Speed

1994
4 Stars
Thriller

Jan De Bont had already proved his worth as a competent cinematographer on the likes of DIE HARD (1988) and Ridley Scott’s BLACK RAIN (1989), when he was handed the director’s chair on SPEED, a film that confirmed Keanu Reeves as a solid leading man, as well as surprising the industry.

A ruthless bomber (Dennis Hopper) plants a bomb on an elevator in a corporate building. Officers Jack Traven (Reeves) and his bomb expert partner Harry (Jeff Daniels)  are part of a squad who enter the building and manage to save the stranded passengers, before confronting the bomber, who takes Harry hostage. Traven wounds Harry in the leg to get him off the bomber and the bomber perishes in an explosion.
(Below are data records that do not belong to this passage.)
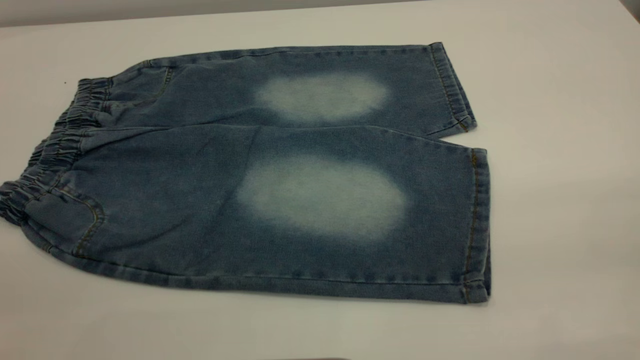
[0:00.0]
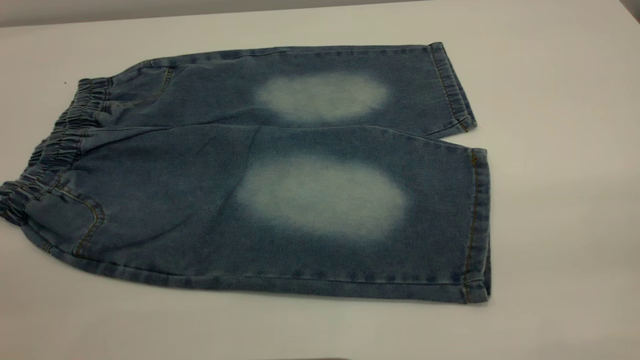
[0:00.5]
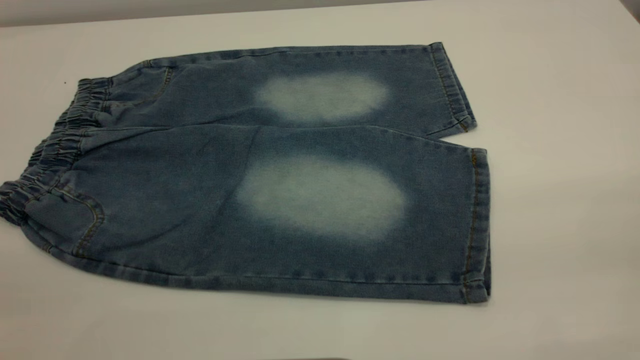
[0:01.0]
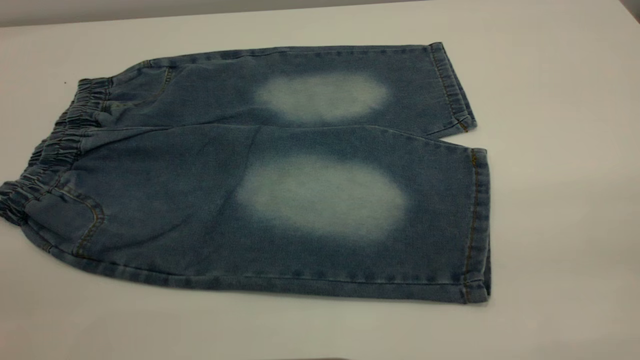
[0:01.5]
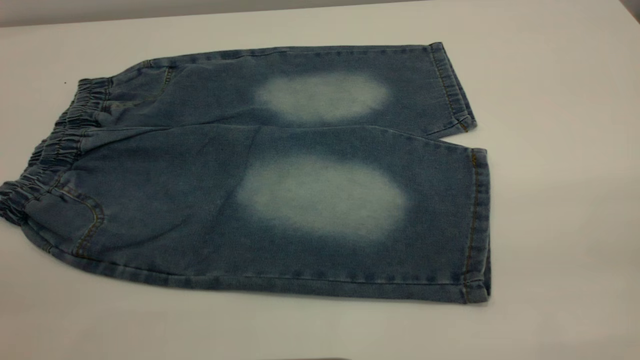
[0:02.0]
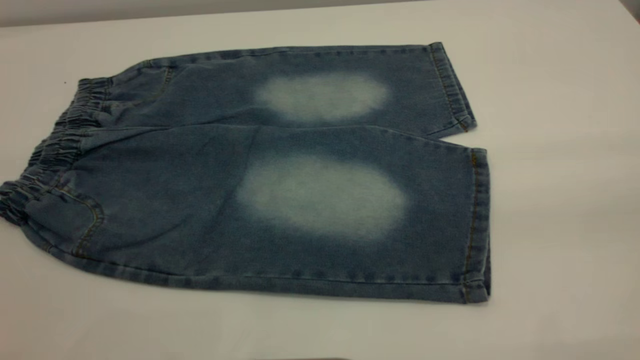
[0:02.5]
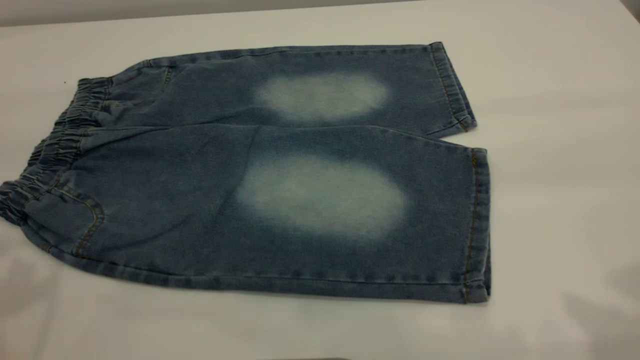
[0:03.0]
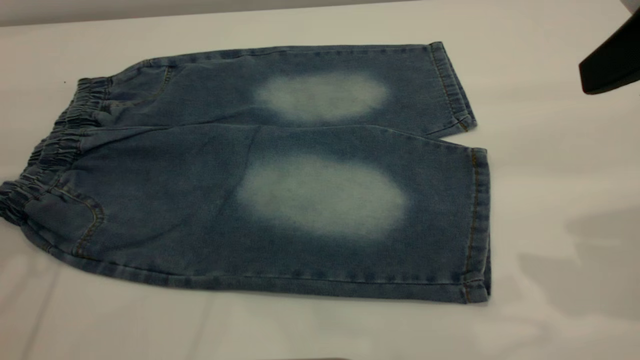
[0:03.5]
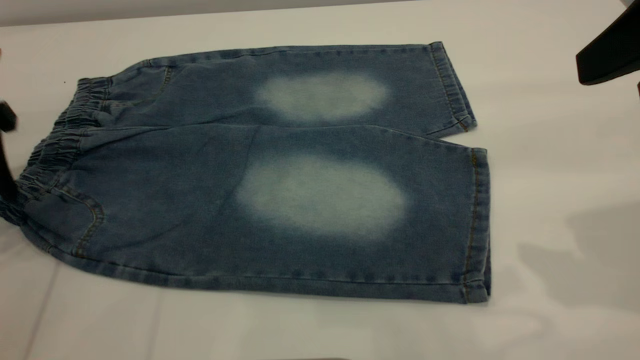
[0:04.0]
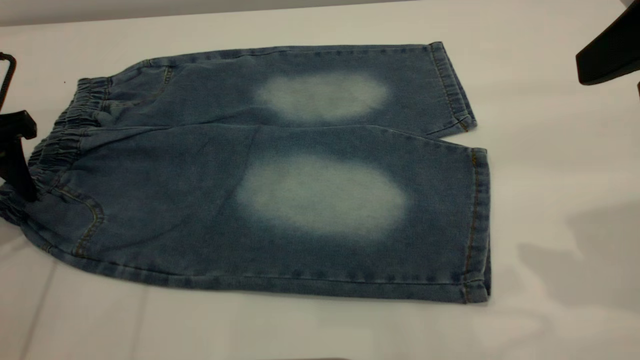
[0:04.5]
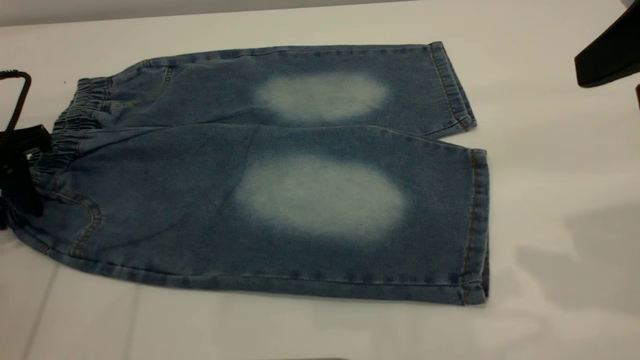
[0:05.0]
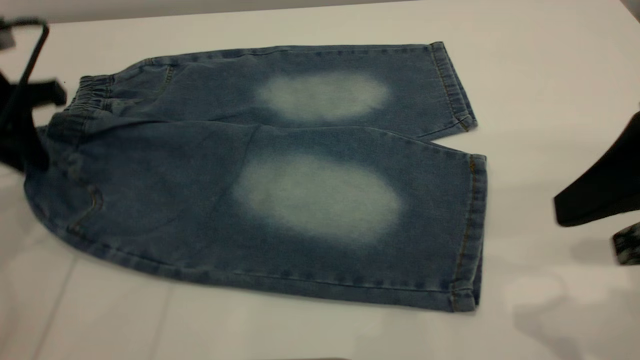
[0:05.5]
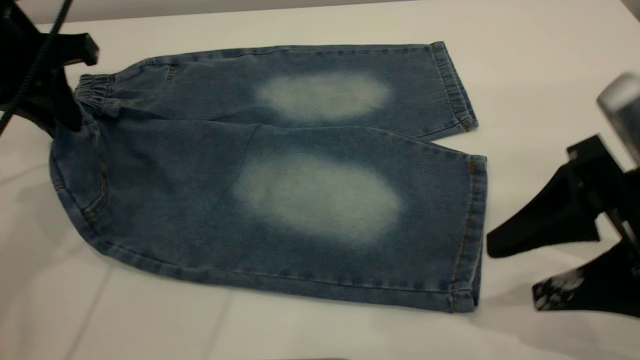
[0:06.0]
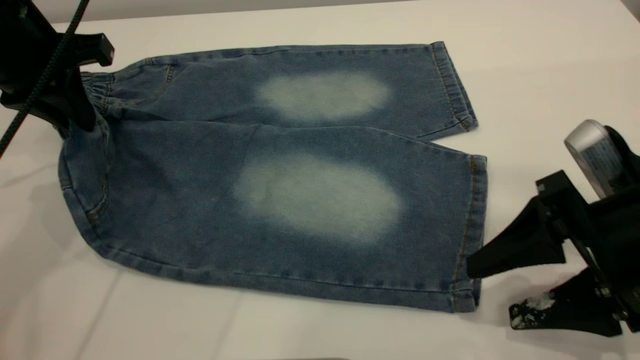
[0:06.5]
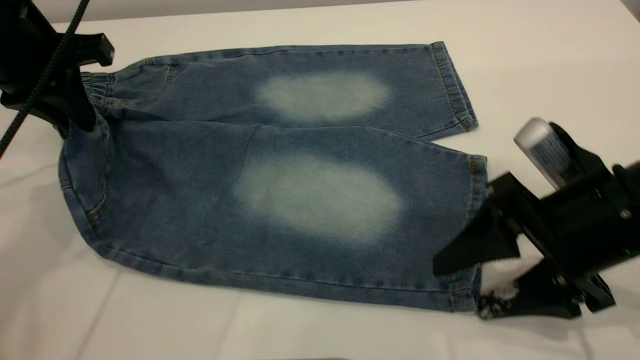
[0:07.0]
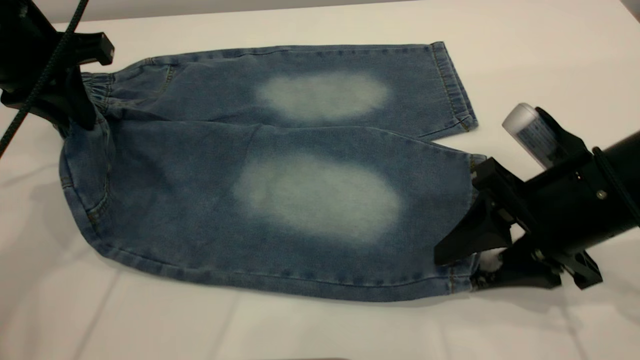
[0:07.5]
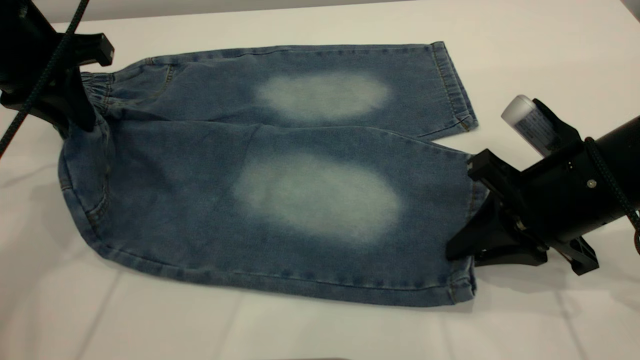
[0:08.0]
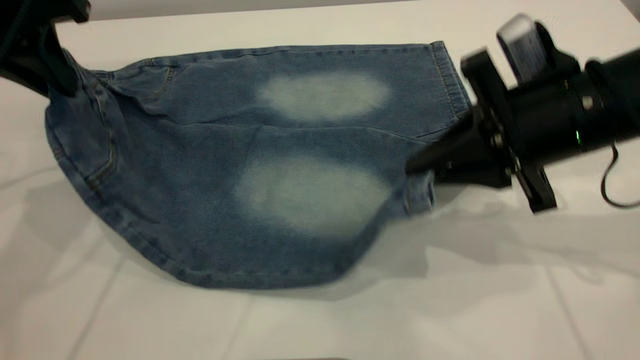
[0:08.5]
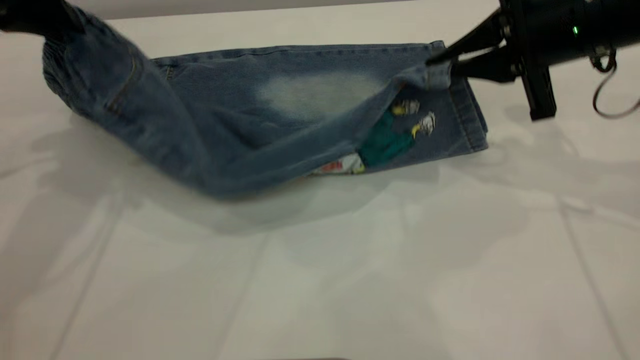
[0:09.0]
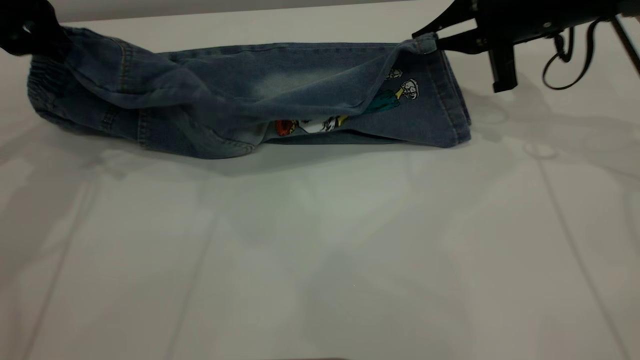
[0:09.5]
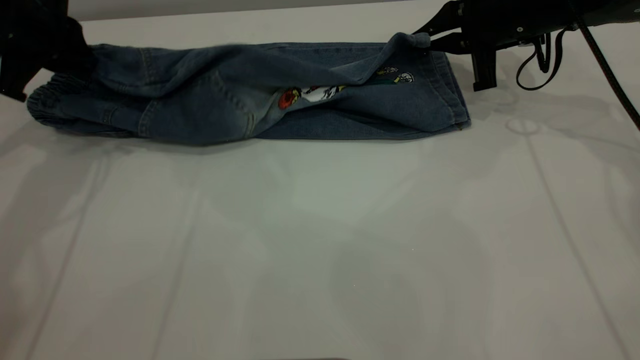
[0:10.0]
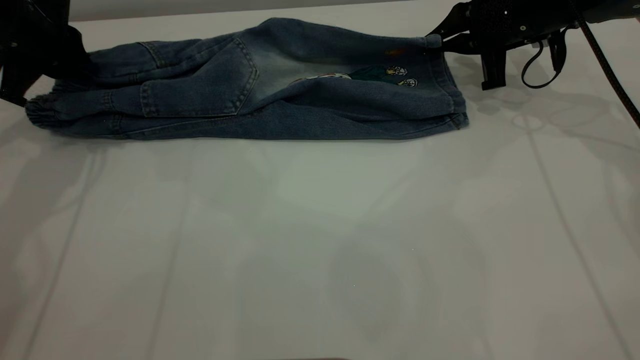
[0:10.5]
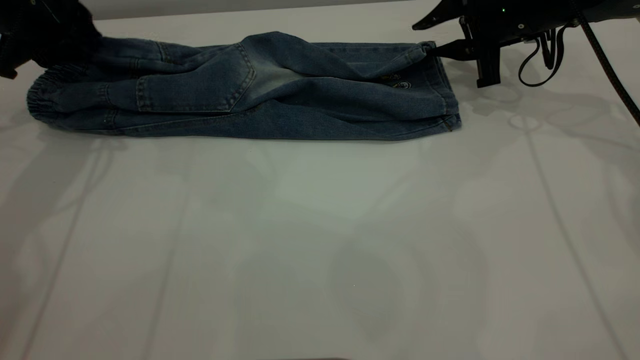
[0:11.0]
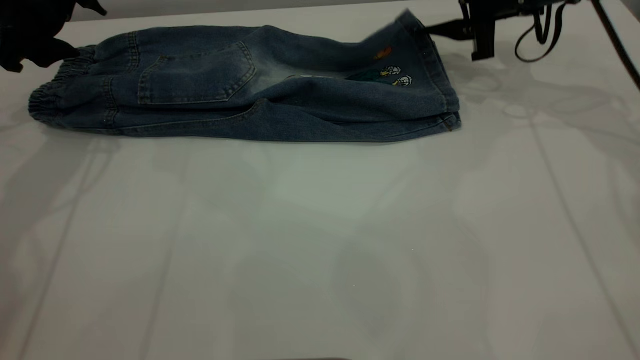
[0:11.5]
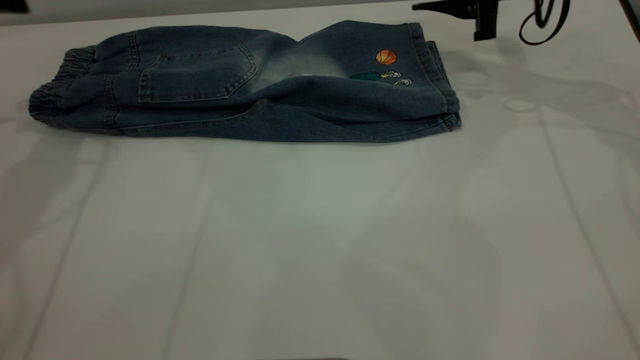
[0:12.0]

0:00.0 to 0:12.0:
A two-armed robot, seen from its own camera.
Step, 0:00.0 to 0:12.0: Fold the bottom of the pants upward.
0:00.0 to 0:02.0: Neither gripper changes place.
0:02.0 to 0:04.0: The right gripper heads forward, covering about 20 cm; the left gripper is displaced forward and downward by approximately 35 cm.
0:04.0 to 0:06.0: The right gripper goes about 15 cm downward. Meanwhile the left gripper moves to the right, roughly 10 cm, and closes up.
0:06.0 to 0:08.0: The right gripper goes approximately 5 cm forward, and closes up.
0:08.0 to 0:10.0: The right gripper is displaced forward by some 20 cm. The left gripper moves forward, some 10 cm.
0:10.0 to 0:12.0: The right gripper opens its fingers. The left gripper goes about 5 cm upward, and opens up.

However, the bomber is not dead and detonates a bomb on a bus the following day, killing the passengers and driver on board. He poses Traven a dilemma – for $3m, a bomb on a bus, goes above fifty, it’s armed, goes below, it blows!!!

Traven is given the number of the bus and goes in hot pursuit. Getting on the bus, he meets Annie (Sandra Bullock) who has to drive the bus when the duty driver is injured in a confusing misunderstanding by a passenger thinking Traven has come for him. All on board now face a race against time….

A deceptively simple idea fleshed out with intelligence and logistics, SPEED puts the pedal to the metal and keeps the attention. In an age when CGI sometimes helps things along, the in-camera exploits of Reeves and co are even more admirable a quarter of a century on from its’ original release.